Please transcribe only the lines that run from the line bearing "At what coordinates should I click to accomplish: Click" to the end of the entries, keeping both end lines. Skip the pictures.

────

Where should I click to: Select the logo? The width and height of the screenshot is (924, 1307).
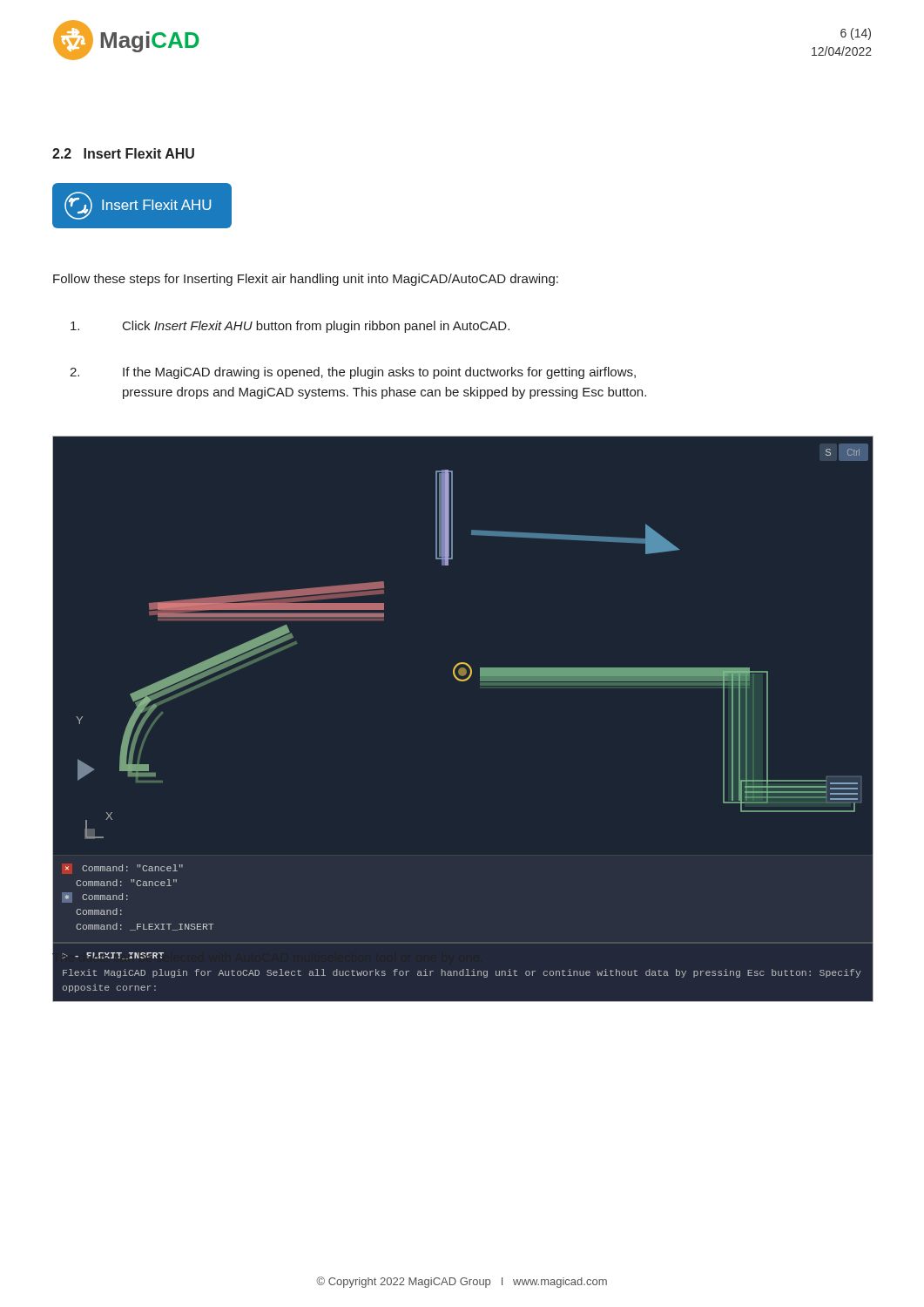tap(126, 40)
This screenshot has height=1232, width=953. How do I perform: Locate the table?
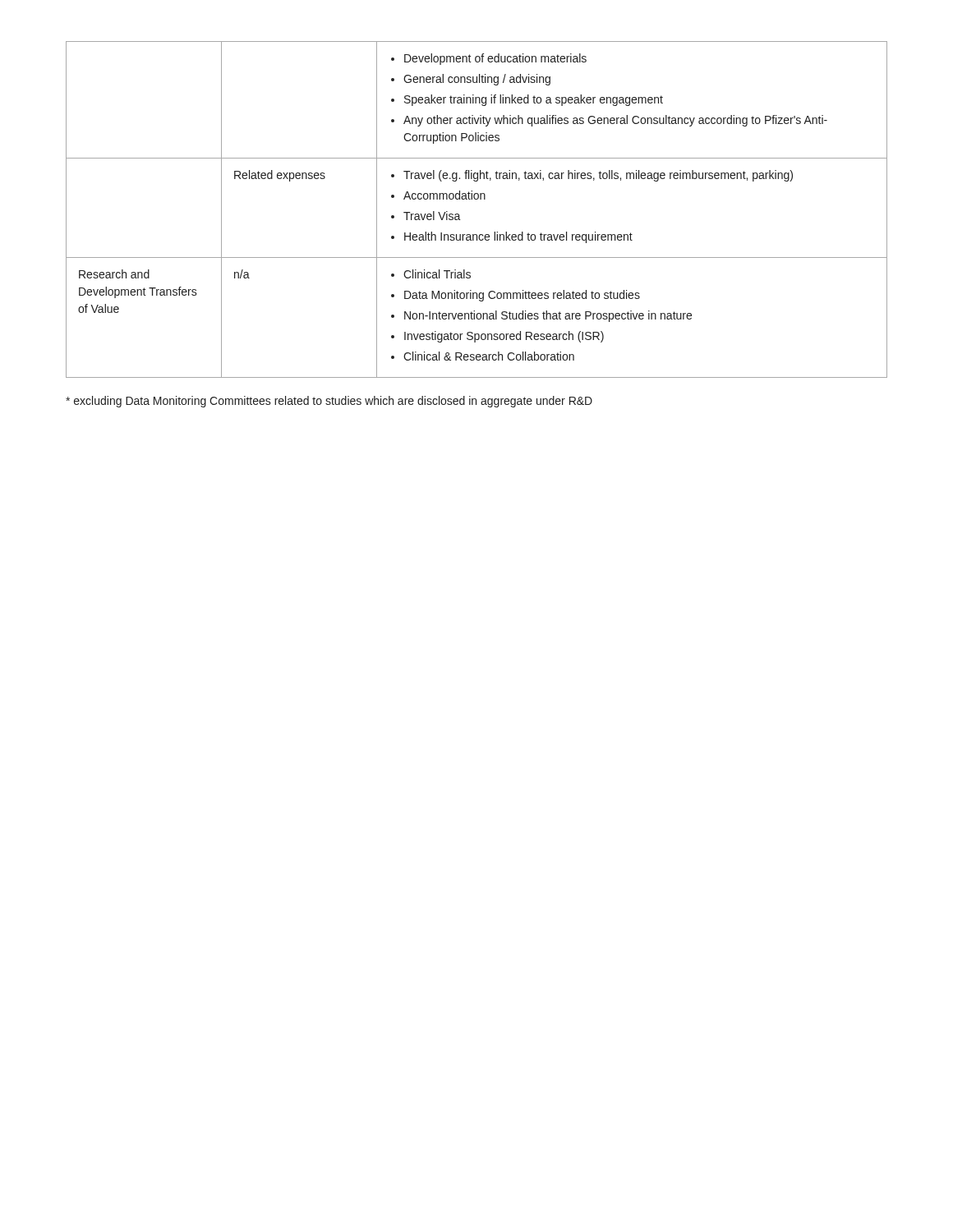click(x=476, y=209)
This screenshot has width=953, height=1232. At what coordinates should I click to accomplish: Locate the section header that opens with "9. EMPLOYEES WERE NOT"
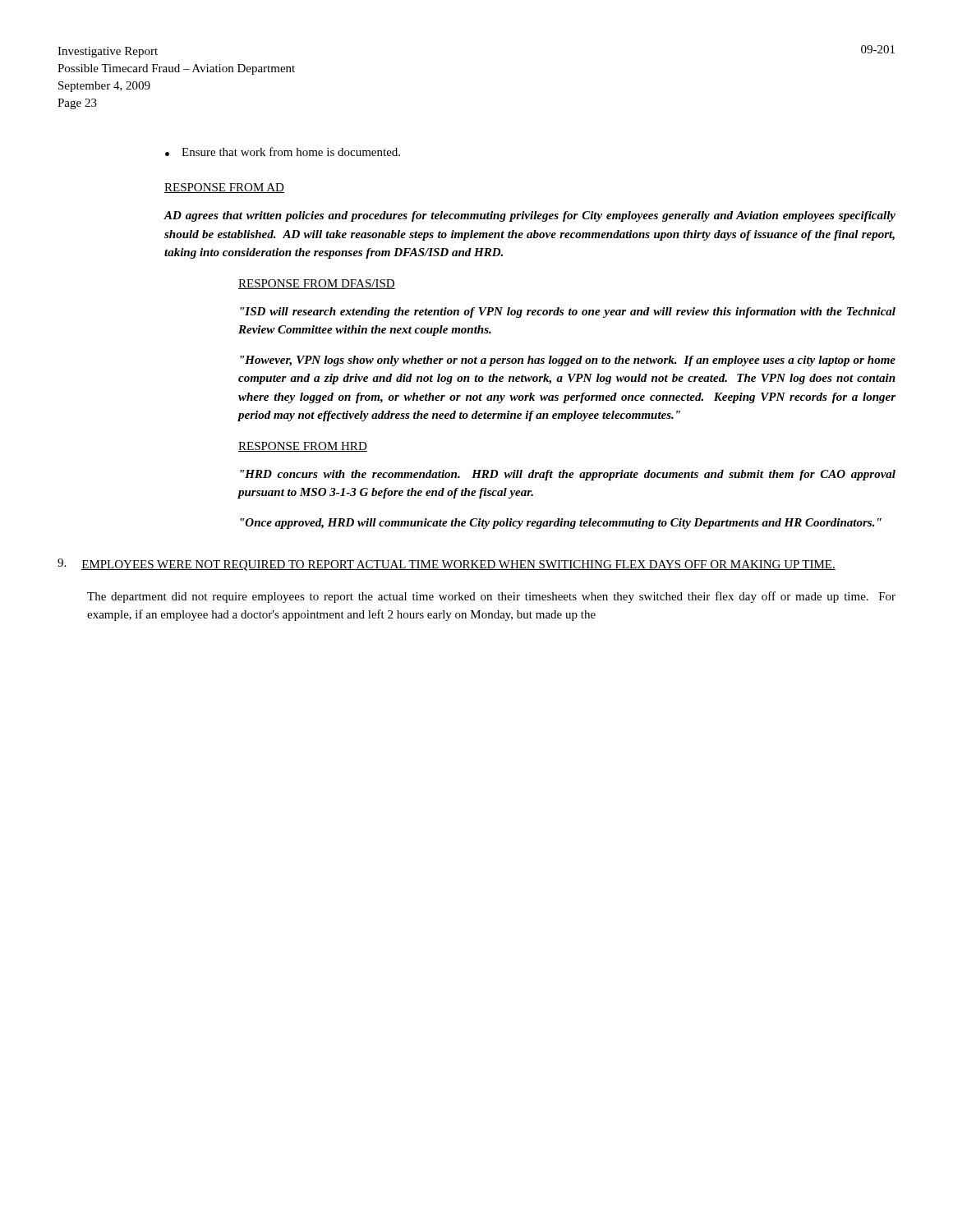click(x=446, y=565)
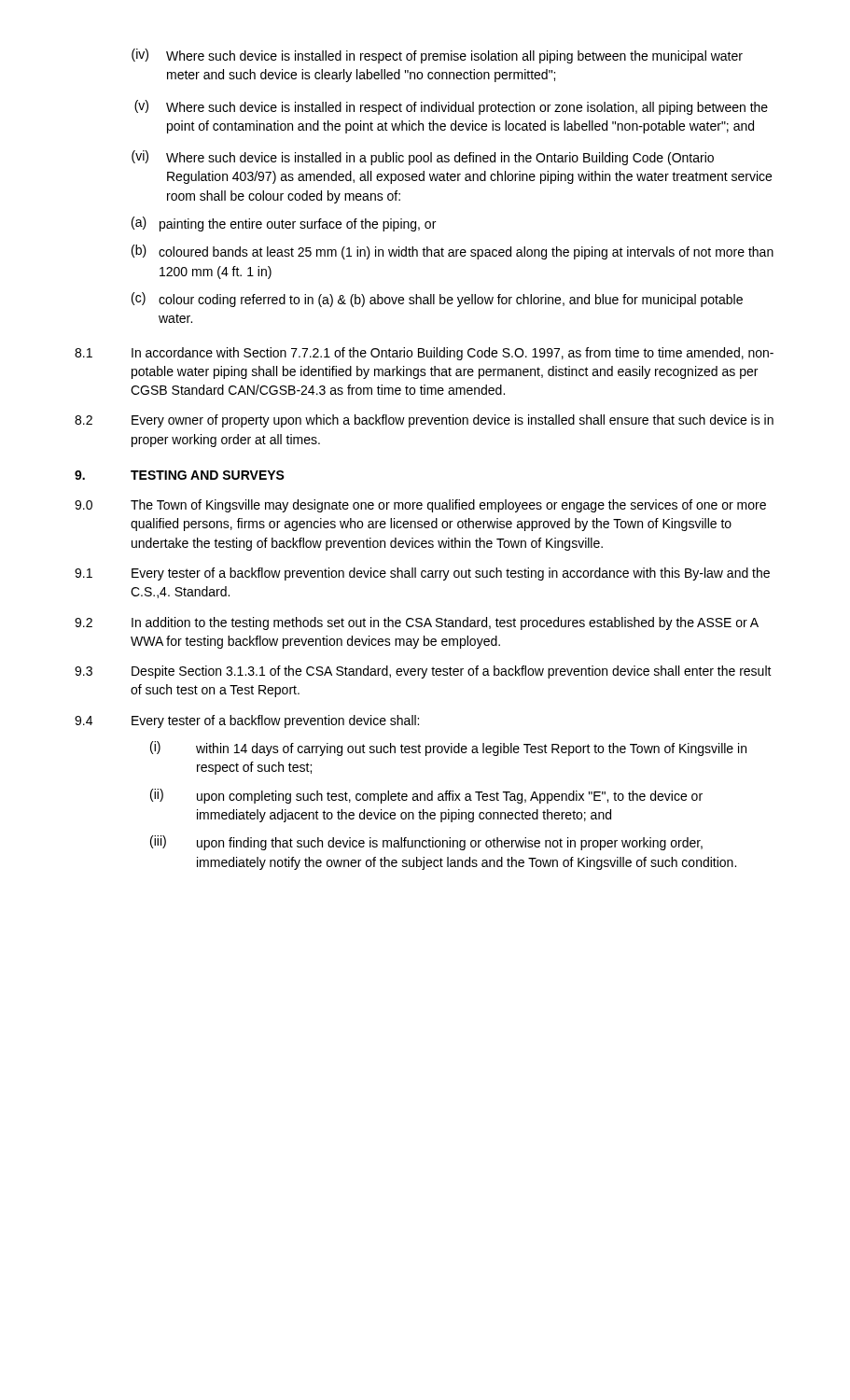The image size is (850, 1400).
Task: Find the text block starting "(i) within 14 days of carrying out such"
Action: coord(462,758)
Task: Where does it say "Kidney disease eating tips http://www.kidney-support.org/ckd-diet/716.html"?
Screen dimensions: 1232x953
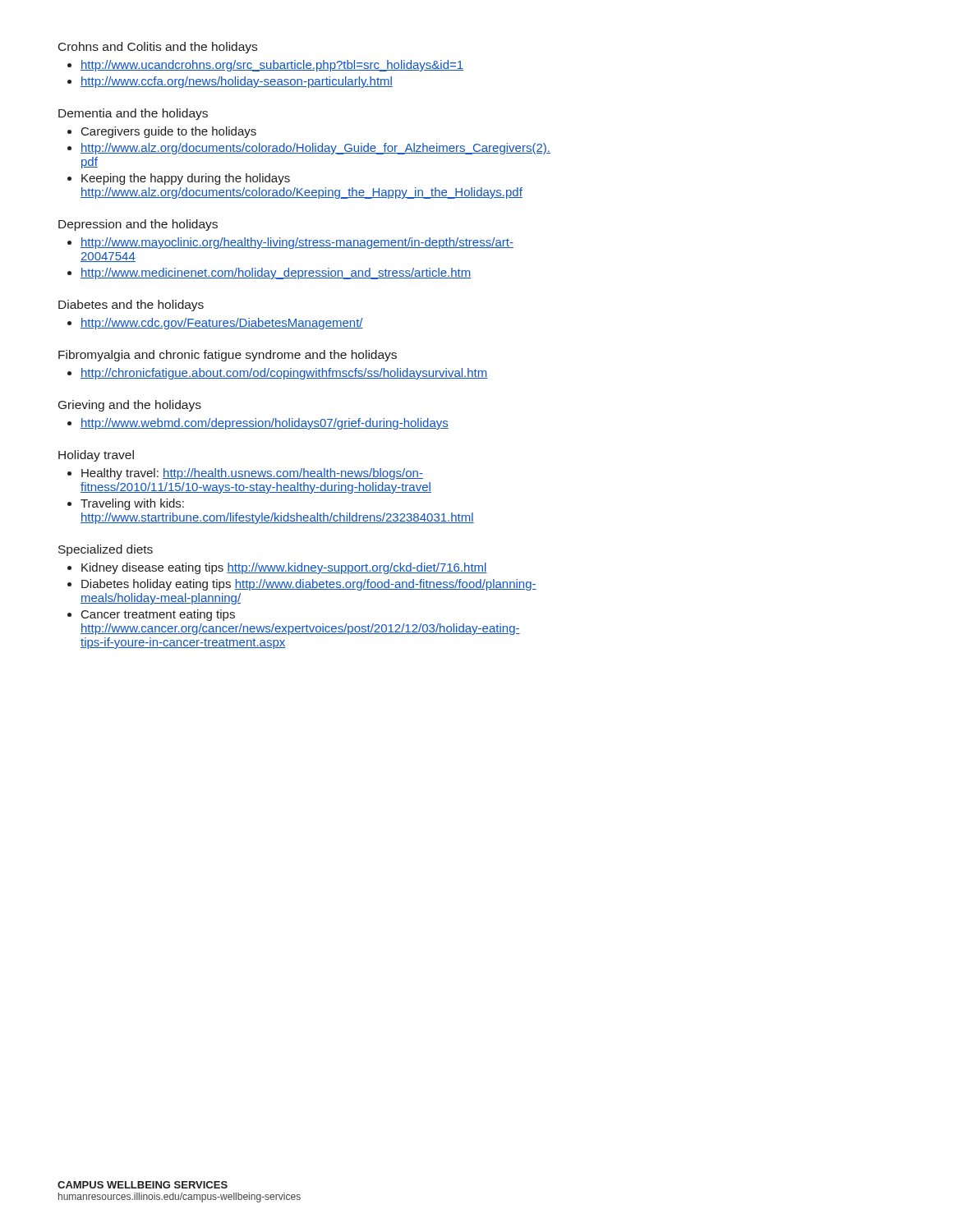Action: pos(284,567)
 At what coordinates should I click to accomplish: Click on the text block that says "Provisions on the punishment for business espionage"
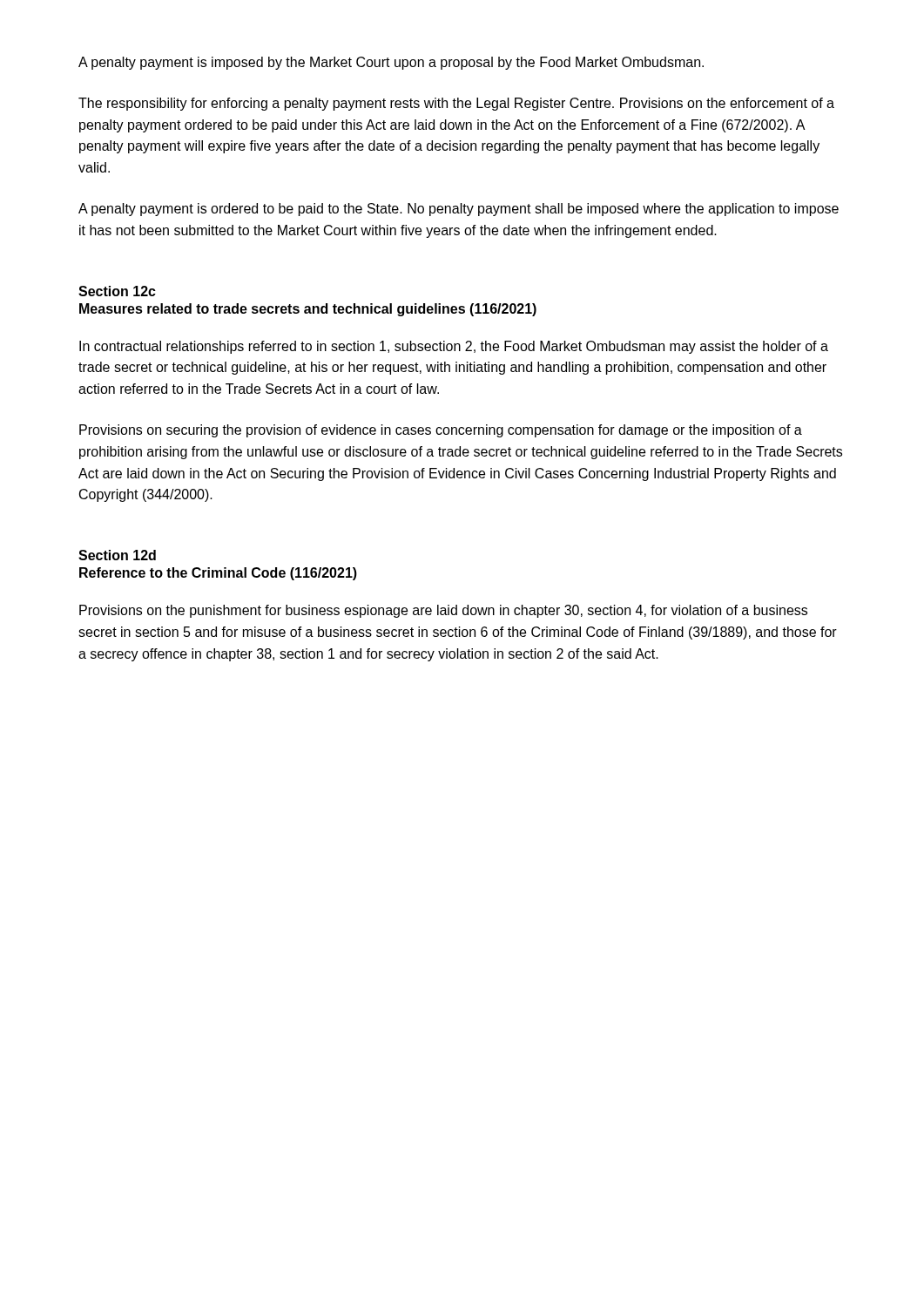tap(458, 632)
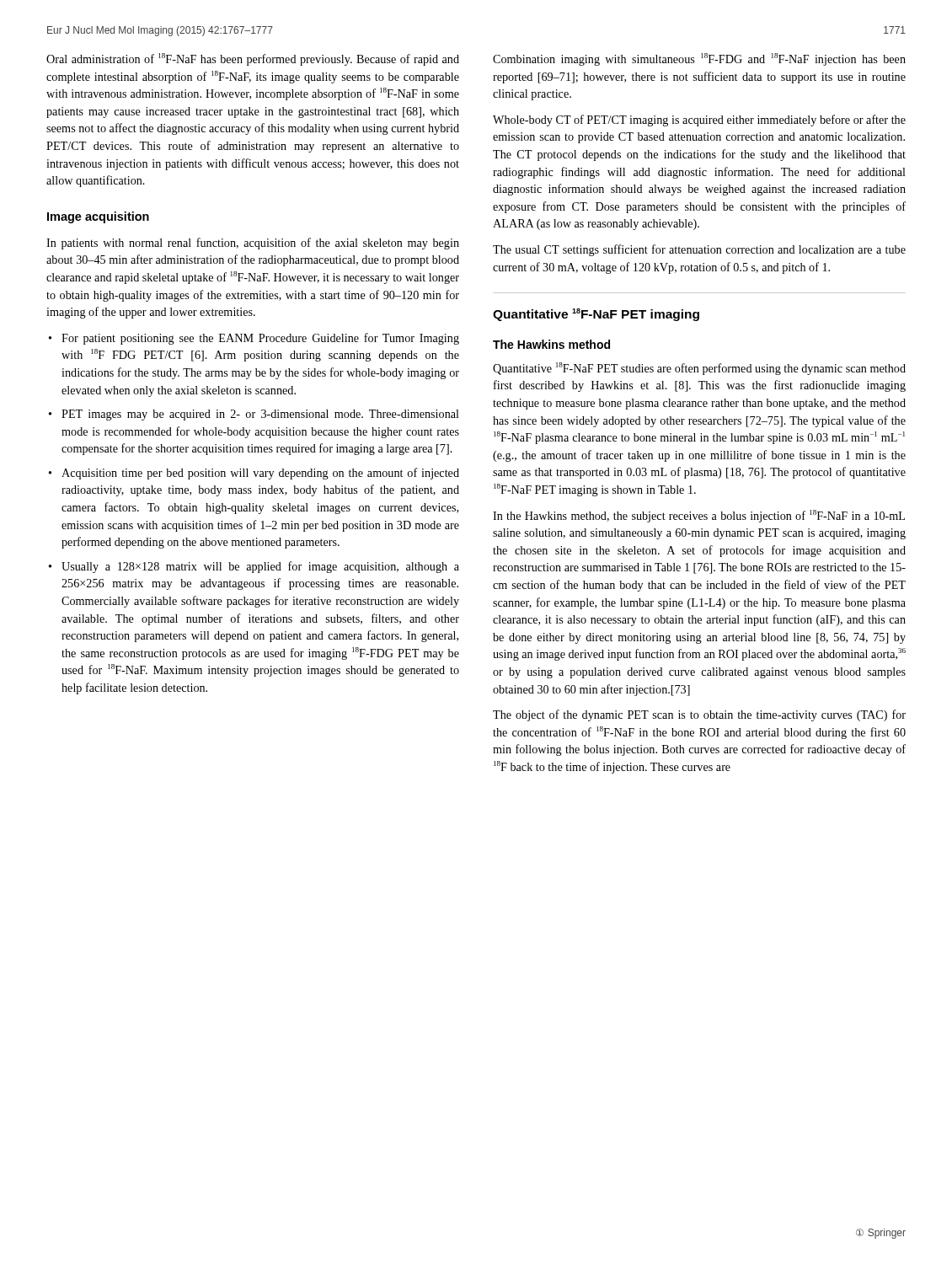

────

SOLVED EXERCISE:
 At what coordinates should I click to accomplish: Click on the text block that says "Provisions on the punishment for business espionage"
tap(458, 632)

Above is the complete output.